Network interface or switch failure 

This means that the networks used for StorPool are down or are experiencing heavy packet loss or delays. In this case the quorum service will prevent a split-brain situation and will restart all services to ensure the cluster is fully connected on at least one network before it transitions again to running state. Such issues might be alleviated by a single-VLAN setup when different nodes have partial network connectivity, but will be again with severe delays in case of severe packet loss.

Hard drive/SSD failures 

Missing drives from two or more nodes 

Drives from two or more different nodes (fault sets) in the cluster are missing; or from a single node/fault set for systems with dual replication pools.

In this case multiple volumes may either experience degraded performance (hybrid placement) or will be in down state when more than two replicas are missing. All operations on volumes in down state are stalled, until the redundancy is restored (i.e. at least one replica is available). The recommended steps are to immediately check for the reasons for the missing drives/services/nodes and return them into the cluster as soon as possible.

Some of the drives are more than 97% full 

At some point all cluster operations will stall until either some of the data in the cluster is deleted (see Deleting volumes and Deleting snapshots), or new drives or nodes are added (see Storage devices and Adding nodes). Adding drives requires the new drives to be stress tested and a re-balancing of the system to include them, which should be carefully planned (see Rebalancing the cluster).

Note

Cleaning up snapshots that have multiple cloned volumes and a negative value for used space in the output of storpool snapshot space will not free up any space.

Some of the drives have fewer than 100k free entries 

This is usually caused by a heavily overloaded system. In this state the latencies for some operations might become very high (measured in seconds). Possible reasons are:

Severely overloaded volumes for long periods of time without any configured bandwidth or iops limits.

This could be checked by using iostat to look for volumes that are being constantly 100% loaded with a large number of requests to the storage system. Another way to check for such volumes is to use the “Top volumes” in the analytics in order to get info for the most loaded volumes and apply IOPS and or bandwidth limits accordingly.
Misbehaving (under-performing) drives, or misbehaving HBA/SAS controllers.

The recommended way to deal with these cases is to investigate for such drives. A good idea is to check the output from storpool disk list internal (see Listings disks) for higher aggregation scores on some drives or set of drives (for example, on the same server). You could also use the analytics to check for abnormal latency on some of the backend nodes, like drives with significantly higher operations latency compared to other drives of the same type. An example would be a failing controller causing the SATA speed to degrade to SATA1.0 (1.5Gb/s) instead of SATA 3.0 (6Gb/s), worn out batteries on a RAID controller when its cache is used to accelerate the writes on the HDDs, and others.

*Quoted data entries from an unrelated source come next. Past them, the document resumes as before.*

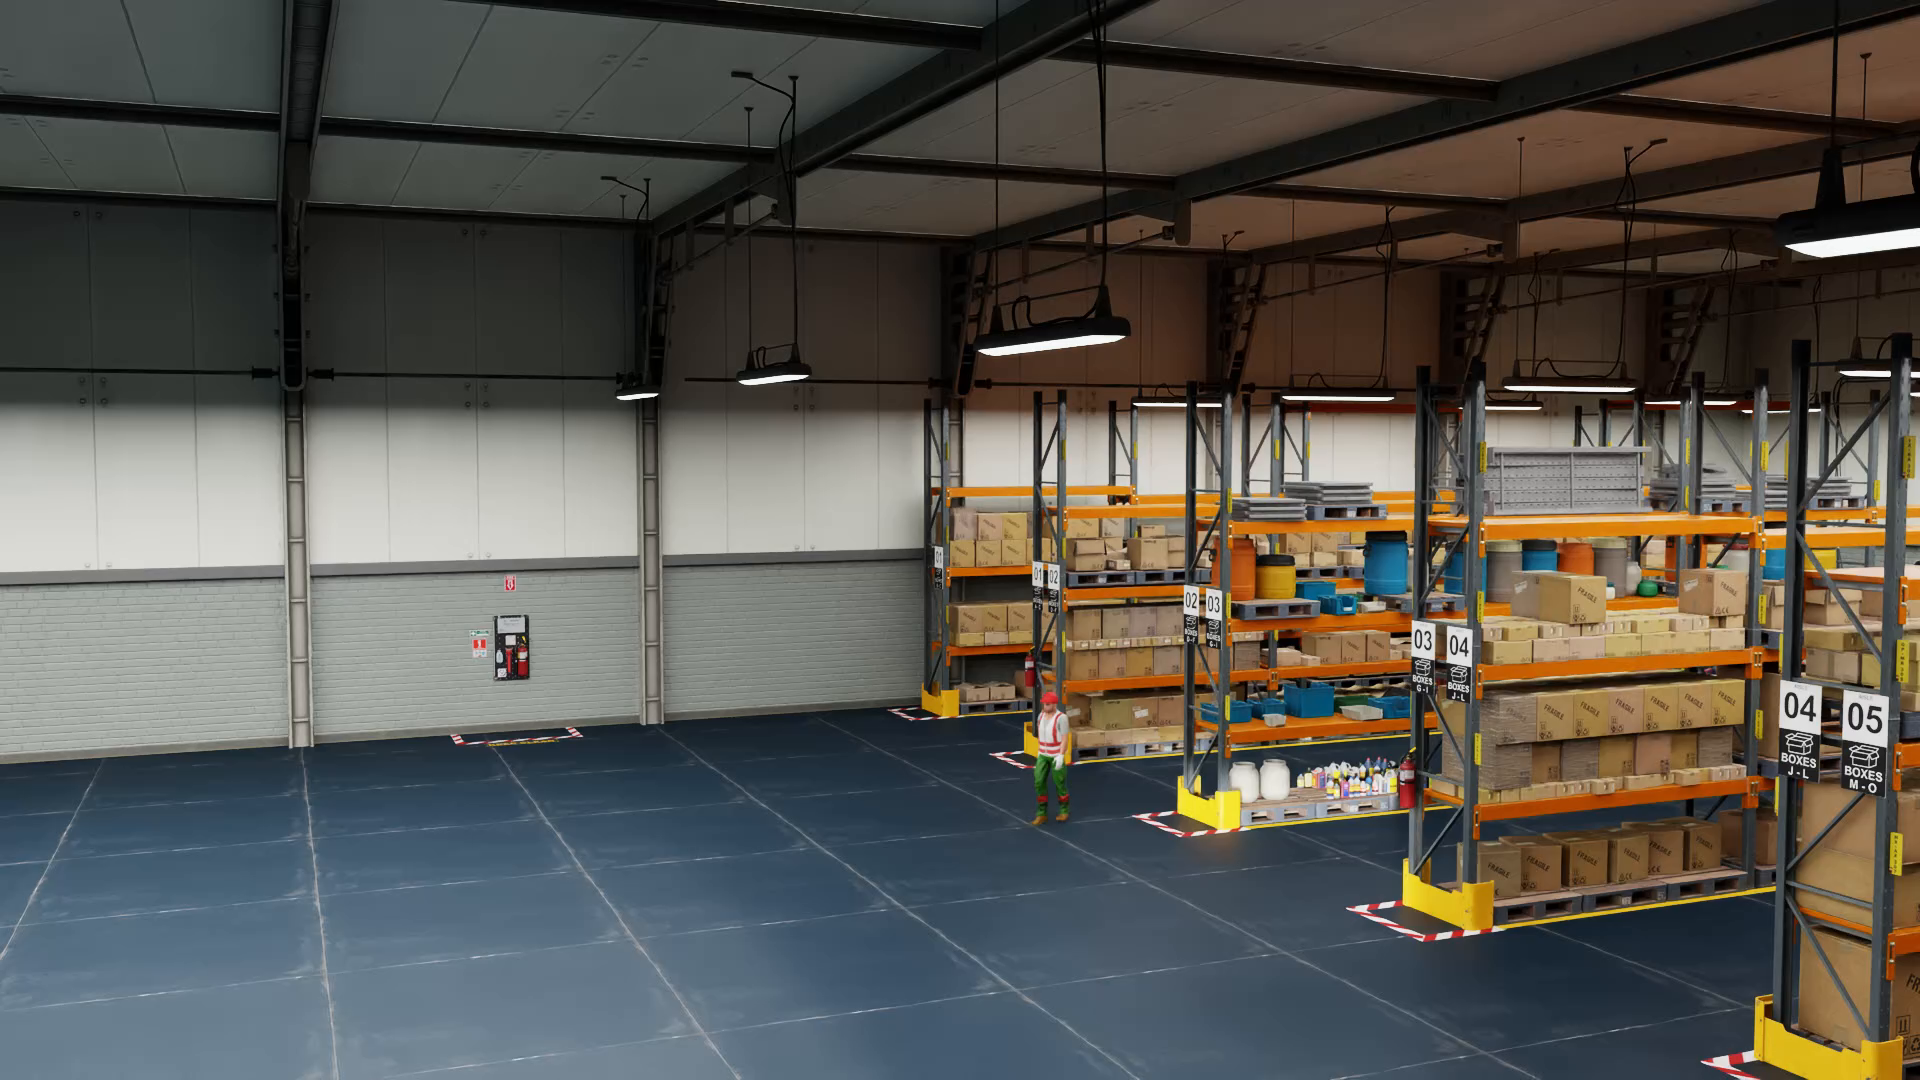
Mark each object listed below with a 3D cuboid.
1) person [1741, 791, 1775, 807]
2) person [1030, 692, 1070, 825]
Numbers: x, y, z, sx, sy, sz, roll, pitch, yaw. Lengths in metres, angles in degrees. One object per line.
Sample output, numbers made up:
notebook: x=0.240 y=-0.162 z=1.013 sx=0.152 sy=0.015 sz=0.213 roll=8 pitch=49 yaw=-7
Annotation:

The circumstances leading a system to the critical state are rare and are usually preventable with by taking measures to handle all the issues at the first signs of a change from the normal to degraded state.

In any of the above cases if you feel that something is not as expected, a consultation with StorPool Support is the best course of action. StorPool Support receives notifications for all detailed cases and pro-actively takes actions to alleviate a system going into degraded or critical state as soon as practically possible.